= Pyramid (image processing) =

Type of multi-scale signal representation

Visual representation of an image pyramid with 5 levels

Pyramid, or pyramid representation, is a type of multi-scale signal representation developed by the computer vision, image processing and signal processing communities, in which a signal or an image is subject to repeated smoothing and subsampling. Pyramid representation is a predecessor to scale-space representation and multiresolution analysis.

==Pyramid generation==

There are two main types of pyramids: lowpass and bandpass.

A lowpass pyramid is made by smoothing the image with an appropriate smoothing filter and then subsampling the smoothed image, usually by a factor of 2 along each coordinate direction. The resulting image is then subjected to the same procedure, and the cycle is repeated multiple times. Each cycle of this process results in a smaller image with increased smoothing, but with decreased spatial sampling density (that is, decreased image resolution). If illustrated graphically, the entire multi-scale representation will look like a pyramid, with the original image on the bottom and each cycle's resulting smaller image stacked one atop the other.

A bandpass pyramid is made by forming the difference between images at adjacent levels in the pyramid and performing image interpolation between adjacent levels of resolution, to enable computation of pixelwise differences.
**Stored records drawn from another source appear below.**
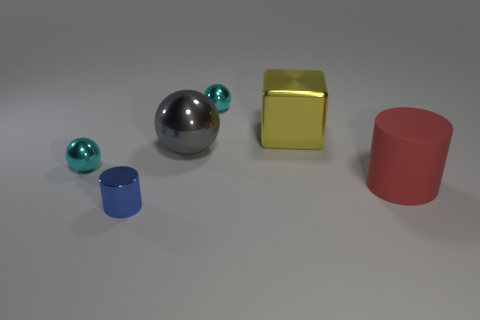Add 2 blue metallic cylinders. How many objects exist? 8 Subtract all cubes. How many objects are left? 5 Subtract all big gray shiny things. Subtract all tiny metallic spheres. How many objects are left? 3 Add 3 cyan spheres. How many cyan spheres are left? 5 Add 5 gray metallic objects. How many gray metallic objects exist? 6 Subtract 0 yellow balls. How many objects are left? 6 
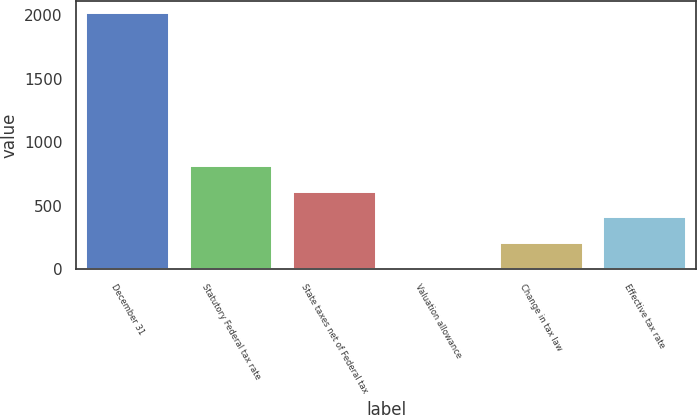Convert chart to OTSL. <chart><loc_0><loc_0><loc_500><loc_500><bar_chart><fcel>December 31<fcel>Statutory Federal tax rate<fcel>State taxes net of Federal tax<fcel>Valuation allowance<fcel>Change in tax law<fcel>Effective tax rate<nl><fcel>2016<fcel>812.4<fcel>611.8<fcel>10<fcel>210.6<fcel>411.2<nl></chart> 
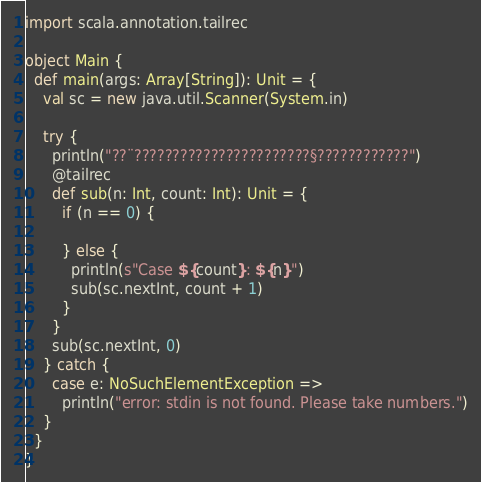Convert code to text. <code><loc_0><loc_0><loc_500><loc_500><_Scala_>import scala.annotation.tailrec

object Main {
  def main(args: Array[String]): Unit = {
    val sc = new java.util.Scanner(System.in)

    try {
      println("??¨???????????????????????§????????????")
      @tailrec
      def sub(n: Int, count: Int): Unit = {
        if (n == 0) {

        } else {
          println(s"Case ${count}: ${n}")
          sub(sc.nextInt, count + 1)
        }
      }
      sub(sc.nextInt, 0)
    } catch {
      case e: NoSuchElementException =>
        println("error: stdin is not found. Please take numbers.")
    }
  }
}</code>

==Pyramid generation kernels==

A variety of different smoothing kernels have been proposed for generating pyramids. Among the suggestions that have been given, the binomial kernels arising from the binomial coefficients stand out as a particularly useful and theoretically well-founded class. Thus, given a two-dimensional image, we may apply the (normalized) binomial filter (1/4, 1/2, 1/4) typically twice or more along each spatial dimension and then subsample the image by a factor of two. This operation may then proceed as many times as desired, leading to a compact and efficient multi-scale representation. If motivated by specific requirements, intermediate scale levels may also be generated where the subsampling stage is sometimes left out, leading to an oversampled or hybrid pyramid. With the increasing computational efficiency of CPUs available today, it is in some situations also feasible to use wider supported Gaussian filters as smoothing kernels in the pyramid generation steps.

===Gaussian pyramid===
In a Gaussian pyramid, subsequent images are weighted down using a Gaussian average (Gaussian blur) and scaled down. Each pixel containing a local average corresponds to a neighborhood pixel on a lower level of the pyramid. This technique is used especially in texture synthesis.

===Laplacian pyramid===
A Laplacian pyramid is very similar to a Gaussian pyramid but saves the difference image of the blurred versions between each levels. Only the smallest level is not a difference image to enable reconstruction of the high resolution image using the difference images on higher levels. This technique can be used in image compression.

===Steerable pyramid===
A steerable pyramid, developed by Simoncelli and others, is an implementation of a multi-scale, multi-orientation band-pass filter bank used for applications including image compression, texture synthesis, and object recognition. It can be thought of as an orientation selective version of a Laplacian pyramid, in which a bank of steerable filters are used at each level of the pyramid instead of a single Laplacian or Gaussian filter.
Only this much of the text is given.